ABOUT THIS TASK:
Your copy should match the listing word for word, apart from the pictures, which are left out.

STORED DATA:
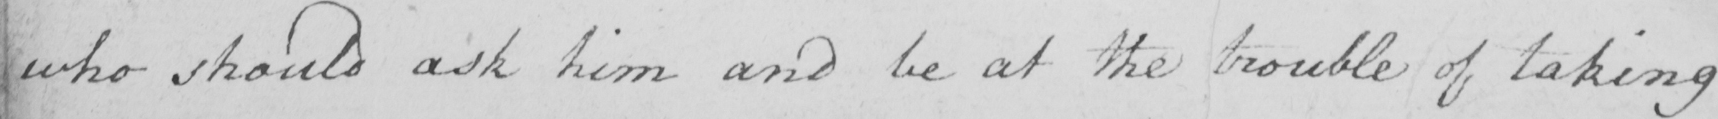Please provide the text content of this handwritten line. who should ask him and be at the trouble of taking 
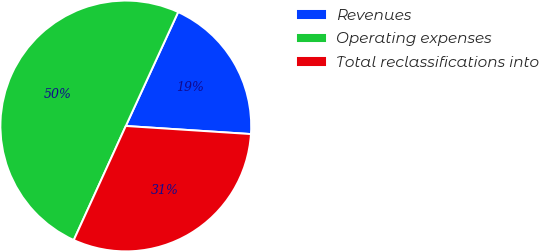<chart> <loc_0><loc_0><loc_500><loc_500><pie_chart><fcel>Revenues<fcel>Operating expenses<fcel>Total reclassifications into<nl><fcel>19.17%<fcel>50.04%<fcel>30.78%<nl></chart> 
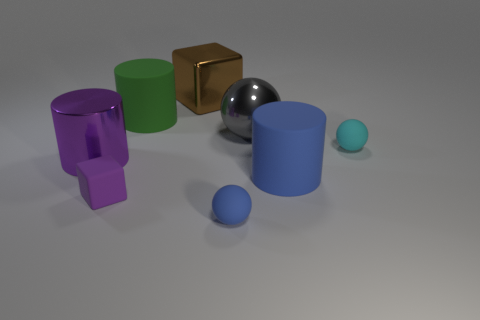The tiny thing that is the same color as the big metallic cylinder is what shape?
Ensure brevity in your answer.  Cube. What is the shape of the small blue object?
Give a very brief answer. Sphere. Is the rubber cube the same color as the metal cylinder?
Offer a very short reply. Yes. How many objects are either big rubber objects behind the metallic ball or gray spheres?
Provide a short and direct response. 2. What size is the green thing that is the same material as the big blue cylinder?
Your answer should be very brief. Large. Is the number of brown blocks that are on the right side of the large brown metallic thing greater than the number of big brown metal things?
Your answer should be very brief. No. There is a large brown thing; is its shape the same as the matte object behind the cyan matte object?
Your response must be concise. No. How many big objects are either cyan matte cylinders or green rubber cylinders?
Give a very brief answer. 1. There is a object that is the same color as the large shiny cylinder; what is its size?
Provide a succinct answer. Small. There is a block that is in front of the rubber ball that is on the right side of the tiny blue thing; what is its color?
Offer a terse response. Purple. 
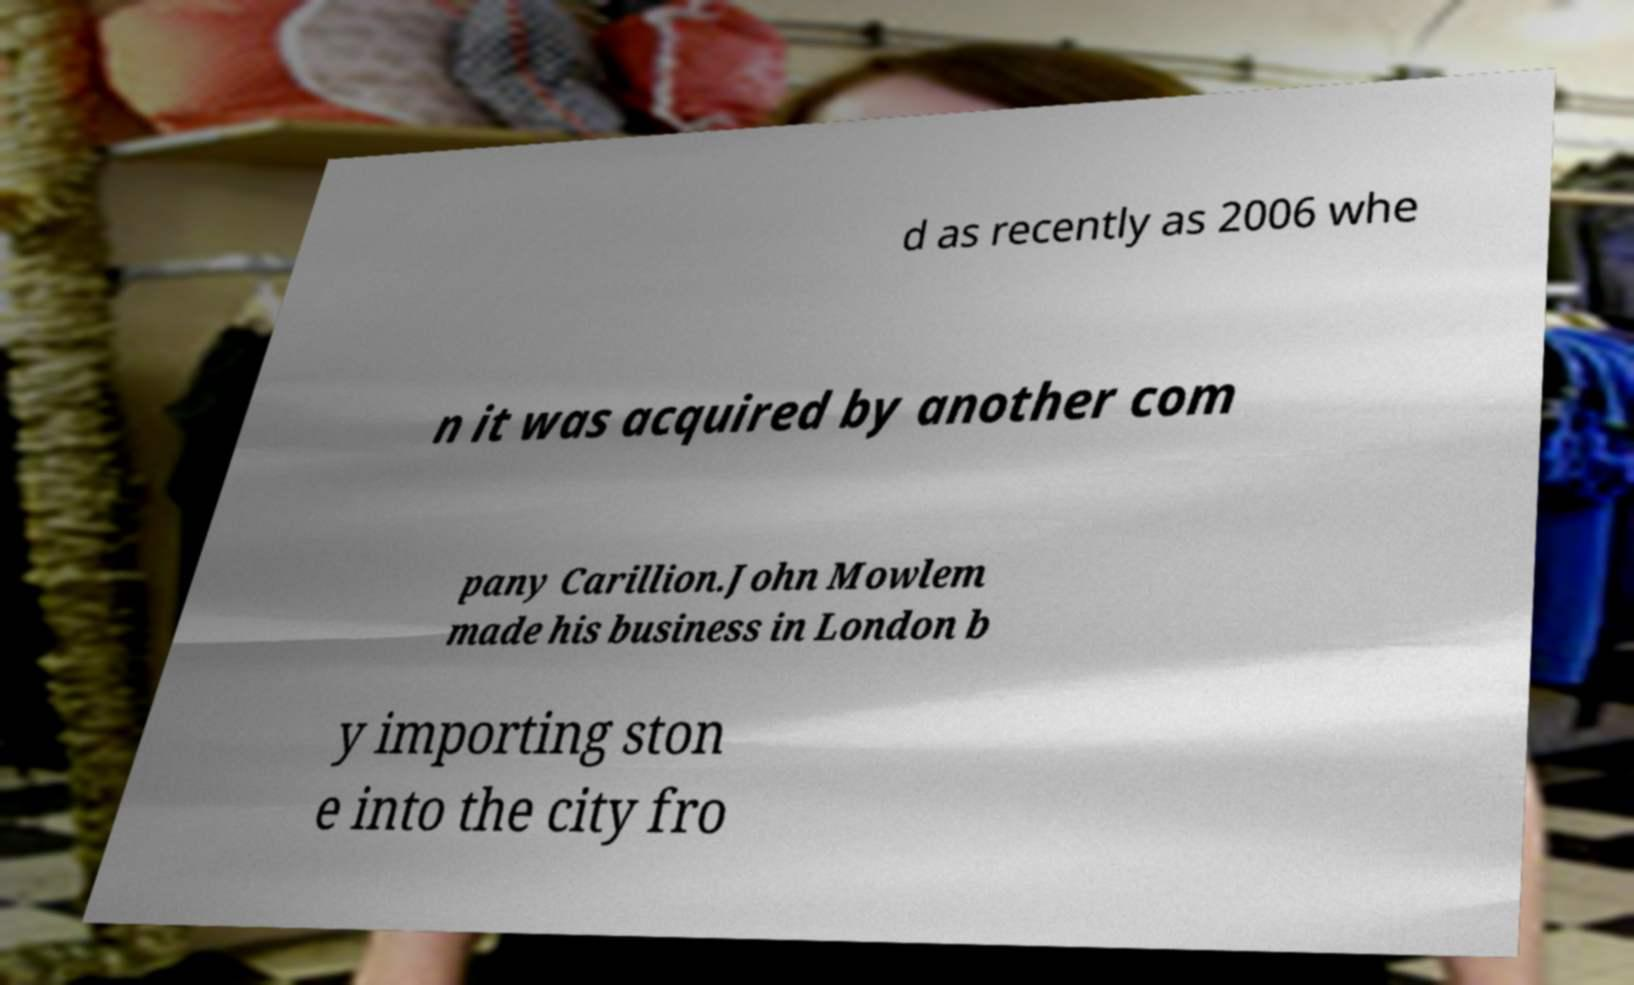Please read and relay the text visible in this image. What does it say? d as recently as 2006 whe n it was acquired by another com pany Carillion.John Mowlem made his business in London b y importing ston e into the city fro

SOLUTION TO THIS EXERCISE:
Please provide the text content of this handwritten line. who should ask him and be at the trouble of taking 
<chart> <loc_0><loc_0><loc_500><loc_500><pie_chart><fcel>Revenues<fcel>Operating expenses<fcel>Total reclassifications into<nl><fcel>19.17%<fcel>50.04%<fcel>30.78%<nl></chart> 
The tiny thing that is the same color as the big metallic cylinder is what shape?
Ensure brevity in your answer.  Cube. What is the shape of the small blue object?
Give a very brief answer. Sphere. Is the rubber cube the same color as the metal cylinder?
Offer a very short reply. Yes. How many objects are either big rubber objects behind the metallic ball or gray spheres?
Provide a short and direct response. 2. What size is the green thing that is the same material as the big blue cylinder?
Your answer should be very brief. Large. Is the number of brown blocks that are on the right side of the large brown metallic thing greater than the number of big brown metal things?
Your answer should be very brief. No. There is a large brown thing; is its shape the same as the matte object behind the cyan matte object?
Your response must be concise. No. How many big objects are either cyan matte cylinders or green rubber cylinders?
Give a very brief answer. 1. There is a object that is the same color as the large shiny cylinder; what is its size?
Provide a succinct answer. Small. There is a block that is in front of the rubber ball that is on the right side of the tiny blue thing; what is its color?
Offer a terse response. Purple. 
Please read and relay the text visible in this image. What does it say? d as recently as 2006 whe n it was acquired by another com pany Carillion.John Mowlem made his business in London b y importing ston e into the city fro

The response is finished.